- Work to complete -
Pull out of the data below the stretch of lines bounded by the one containing "models.TextField(blank=True, null=True, verbose_name='Role" and the one containing "models.DateField(blank=True, default=None, help_text='Make", both bounds included, unchanged.

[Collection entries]
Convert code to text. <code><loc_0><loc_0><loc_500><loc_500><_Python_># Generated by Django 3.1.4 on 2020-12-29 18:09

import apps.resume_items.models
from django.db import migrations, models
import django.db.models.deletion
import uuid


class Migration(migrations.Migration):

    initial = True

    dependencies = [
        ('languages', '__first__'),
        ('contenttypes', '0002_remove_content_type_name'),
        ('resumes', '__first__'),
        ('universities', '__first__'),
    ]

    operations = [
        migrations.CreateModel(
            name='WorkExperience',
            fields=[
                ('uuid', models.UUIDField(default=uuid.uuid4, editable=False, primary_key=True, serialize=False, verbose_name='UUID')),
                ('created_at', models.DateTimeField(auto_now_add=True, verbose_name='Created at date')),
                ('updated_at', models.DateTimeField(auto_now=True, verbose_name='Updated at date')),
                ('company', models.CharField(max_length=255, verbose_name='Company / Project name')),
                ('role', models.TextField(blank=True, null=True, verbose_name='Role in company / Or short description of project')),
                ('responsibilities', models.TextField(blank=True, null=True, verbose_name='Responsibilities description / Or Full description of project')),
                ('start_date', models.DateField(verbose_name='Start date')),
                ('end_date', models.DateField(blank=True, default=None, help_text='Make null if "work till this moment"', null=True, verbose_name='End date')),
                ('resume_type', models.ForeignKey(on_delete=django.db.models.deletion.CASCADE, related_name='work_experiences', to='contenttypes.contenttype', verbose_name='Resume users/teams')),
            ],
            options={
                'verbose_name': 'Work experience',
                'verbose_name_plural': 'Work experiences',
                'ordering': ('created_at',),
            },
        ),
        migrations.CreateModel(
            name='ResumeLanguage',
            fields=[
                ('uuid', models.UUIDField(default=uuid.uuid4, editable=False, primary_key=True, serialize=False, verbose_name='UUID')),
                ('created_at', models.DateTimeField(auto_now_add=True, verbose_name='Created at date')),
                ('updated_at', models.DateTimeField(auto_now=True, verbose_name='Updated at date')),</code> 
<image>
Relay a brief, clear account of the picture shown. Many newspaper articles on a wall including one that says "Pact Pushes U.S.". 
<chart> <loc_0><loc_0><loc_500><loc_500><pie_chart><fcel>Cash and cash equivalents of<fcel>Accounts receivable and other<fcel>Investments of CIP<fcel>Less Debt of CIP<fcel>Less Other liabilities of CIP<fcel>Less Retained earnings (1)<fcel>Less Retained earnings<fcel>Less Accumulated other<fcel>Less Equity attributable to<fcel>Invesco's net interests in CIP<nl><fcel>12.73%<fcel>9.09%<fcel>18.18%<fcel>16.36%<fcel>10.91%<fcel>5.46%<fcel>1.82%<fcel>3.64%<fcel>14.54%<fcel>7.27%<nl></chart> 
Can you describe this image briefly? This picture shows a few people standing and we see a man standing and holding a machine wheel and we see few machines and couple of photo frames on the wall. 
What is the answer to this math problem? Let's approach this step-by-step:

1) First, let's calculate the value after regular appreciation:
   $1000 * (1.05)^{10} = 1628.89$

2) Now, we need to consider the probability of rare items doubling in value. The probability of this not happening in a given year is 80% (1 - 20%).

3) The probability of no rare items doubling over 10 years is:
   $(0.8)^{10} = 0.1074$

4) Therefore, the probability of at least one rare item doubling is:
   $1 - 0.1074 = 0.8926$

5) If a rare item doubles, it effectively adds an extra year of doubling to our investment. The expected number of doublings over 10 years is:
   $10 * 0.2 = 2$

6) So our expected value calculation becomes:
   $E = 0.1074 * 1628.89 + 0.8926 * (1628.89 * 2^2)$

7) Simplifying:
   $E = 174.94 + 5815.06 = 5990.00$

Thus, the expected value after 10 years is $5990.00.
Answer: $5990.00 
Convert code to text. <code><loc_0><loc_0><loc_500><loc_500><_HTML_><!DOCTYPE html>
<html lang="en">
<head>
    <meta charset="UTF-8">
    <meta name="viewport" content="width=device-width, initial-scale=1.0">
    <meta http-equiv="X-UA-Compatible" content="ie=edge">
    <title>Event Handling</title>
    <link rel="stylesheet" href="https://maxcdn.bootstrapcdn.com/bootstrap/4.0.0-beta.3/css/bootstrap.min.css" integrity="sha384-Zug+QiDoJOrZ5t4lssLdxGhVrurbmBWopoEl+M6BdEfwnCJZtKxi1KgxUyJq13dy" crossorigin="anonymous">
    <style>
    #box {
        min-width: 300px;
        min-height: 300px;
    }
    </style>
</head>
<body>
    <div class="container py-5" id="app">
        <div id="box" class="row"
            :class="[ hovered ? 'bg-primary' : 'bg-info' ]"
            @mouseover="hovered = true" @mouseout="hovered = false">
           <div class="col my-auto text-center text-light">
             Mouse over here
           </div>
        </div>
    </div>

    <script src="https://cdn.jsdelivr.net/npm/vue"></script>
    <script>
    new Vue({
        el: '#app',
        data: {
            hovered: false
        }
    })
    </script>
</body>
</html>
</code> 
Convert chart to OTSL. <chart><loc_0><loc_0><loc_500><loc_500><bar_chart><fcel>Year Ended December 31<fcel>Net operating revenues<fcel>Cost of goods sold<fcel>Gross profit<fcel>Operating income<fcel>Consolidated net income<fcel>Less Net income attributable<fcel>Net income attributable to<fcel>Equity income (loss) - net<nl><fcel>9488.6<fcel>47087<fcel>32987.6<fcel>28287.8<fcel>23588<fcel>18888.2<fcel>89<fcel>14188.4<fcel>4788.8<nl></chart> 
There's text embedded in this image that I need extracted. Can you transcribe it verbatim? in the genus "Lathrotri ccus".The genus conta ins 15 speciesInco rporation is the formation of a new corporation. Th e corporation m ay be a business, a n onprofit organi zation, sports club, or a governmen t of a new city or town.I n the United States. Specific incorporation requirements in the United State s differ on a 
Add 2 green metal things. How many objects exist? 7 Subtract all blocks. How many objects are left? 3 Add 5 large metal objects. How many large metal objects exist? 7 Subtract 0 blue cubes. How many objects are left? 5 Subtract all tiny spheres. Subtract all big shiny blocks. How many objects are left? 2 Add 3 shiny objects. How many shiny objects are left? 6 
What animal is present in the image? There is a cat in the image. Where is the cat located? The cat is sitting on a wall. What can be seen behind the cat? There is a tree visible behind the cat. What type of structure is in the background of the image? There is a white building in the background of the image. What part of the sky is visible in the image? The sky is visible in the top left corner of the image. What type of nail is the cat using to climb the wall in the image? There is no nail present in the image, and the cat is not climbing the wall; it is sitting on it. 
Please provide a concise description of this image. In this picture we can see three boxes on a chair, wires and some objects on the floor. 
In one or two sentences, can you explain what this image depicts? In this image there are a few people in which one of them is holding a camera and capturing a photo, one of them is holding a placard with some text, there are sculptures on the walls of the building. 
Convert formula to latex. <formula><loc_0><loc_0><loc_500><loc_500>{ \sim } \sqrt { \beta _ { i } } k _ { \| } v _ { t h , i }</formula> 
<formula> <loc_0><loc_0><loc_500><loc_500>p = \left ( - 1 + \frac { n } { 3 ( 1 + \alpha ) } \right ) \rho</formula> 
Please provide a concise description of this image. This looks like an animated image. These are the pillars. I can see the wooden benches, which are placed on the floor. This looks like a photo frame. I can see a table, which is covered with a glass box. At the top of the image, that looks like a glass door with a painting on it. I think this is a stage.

- Result of this exercise -
                ('role', models.TextField(blank=True, null=True, verbose_name='Role in company / Or short description of project')),
                ('responsibilities', models.TextField(blank=True, null=True, verbose_name='Responsibilities description / Or Full description of project')),
                ('start_date', models.DateField(verbose_name='Start date')),
                ('end_date', models.DateField(blank=True, default=None, help_text='Make null if "work till this moment"', null=True, verbose_name='End date')),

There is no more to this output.